We have moved up one or two levels of abstraction. It is now not only
_possible_ to perform complex tasks in scripting/shell environments but _easy_
to do so (huge standard libraries, etc.), and code written at a high level is
now “fast enough” in most cases. Also, the nature of those tasks has gone up a
level or two; networking, for instance, is no longer a neat feature and is
more like a core competency for a language.

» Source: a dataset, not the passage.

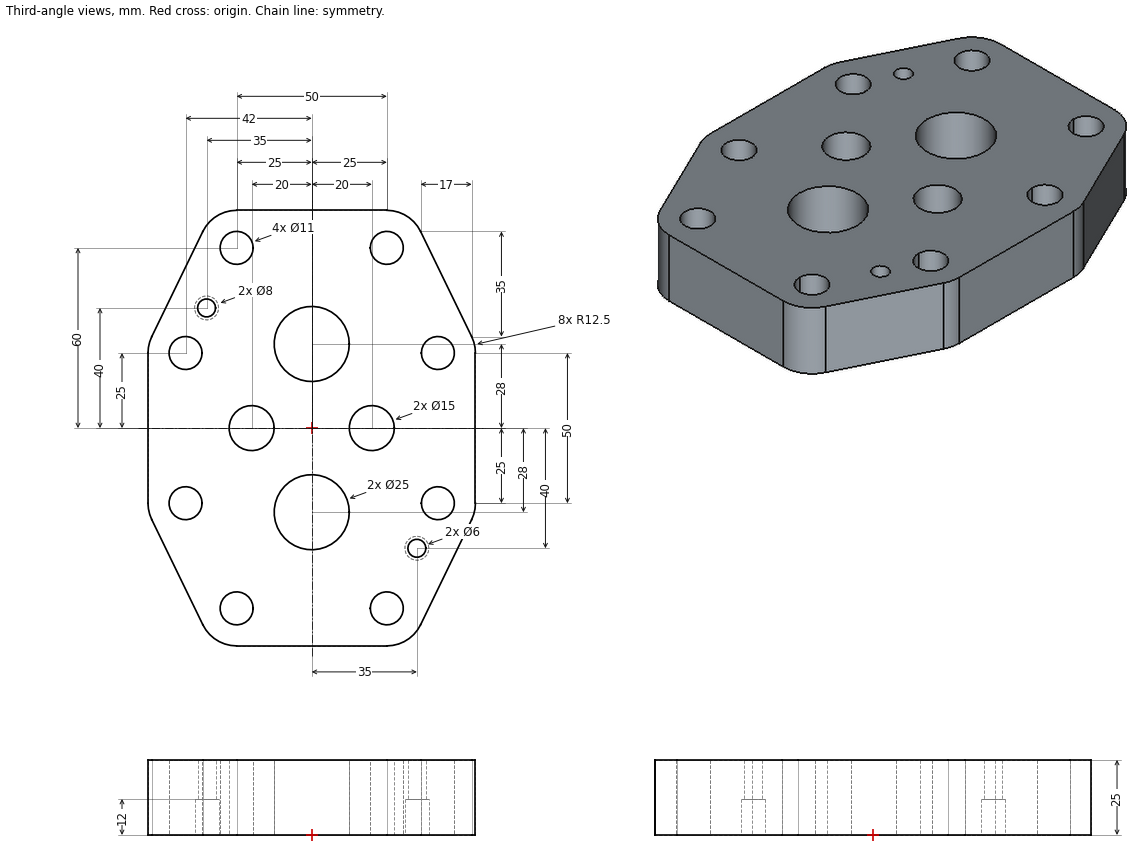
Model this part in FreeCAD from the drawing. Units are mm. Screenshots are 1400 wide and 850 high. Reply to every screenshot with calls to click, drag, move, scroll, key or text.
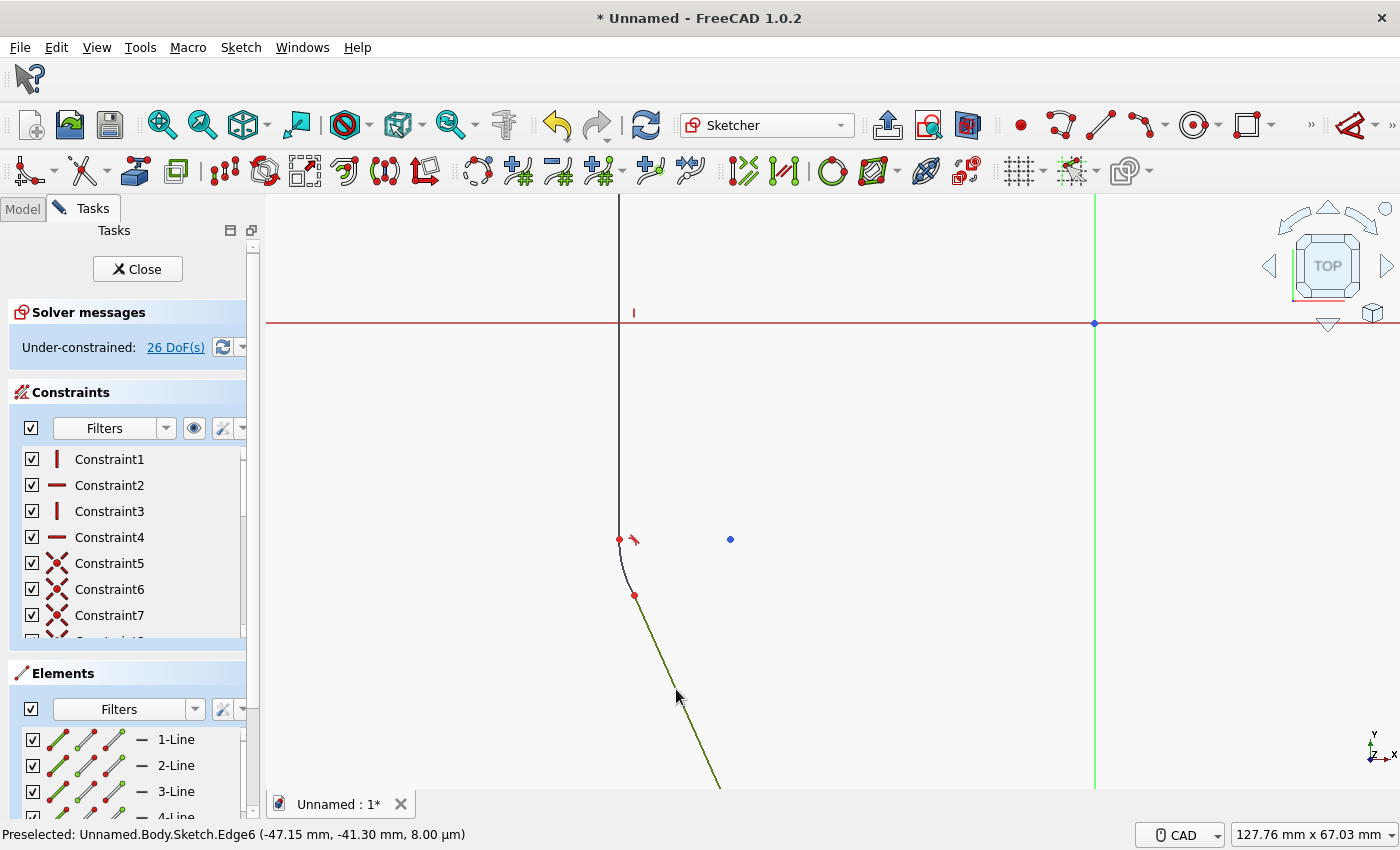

We’ve spent a long time on parallel processing and finally have some pretty
neat constructs for doing so (in _mainstream_ languages and not just side
projects). Well overdue, and it leads to more natural coding in a lot of
cases.

We have a more “international” coding environment. It is far more common now
to see at least a _preference_ for stuff like UTF-8, if not full support for
it.

We’ve successfully open-sourced certain tools that are critical to
development. For instance, nowadays you don’t _really_ expect to pay money for
a compiler, and you _probably_ are using an open-source revision control
system (though some proprietary ones still exist). Generally, there is a
greater expectation that a community of some sort will exist around crucial
infrastructure tools.

Hardware, obviously, is way better. Unfortunately, while this has clearly
allowed for some incredible advances, it has also enabled extremely sloppy
coding. There seem to be massive amounts of memory allocated and other
“features” of some modern programs, and they work only because so many people
have over a gigabyte of RAM to make up for it.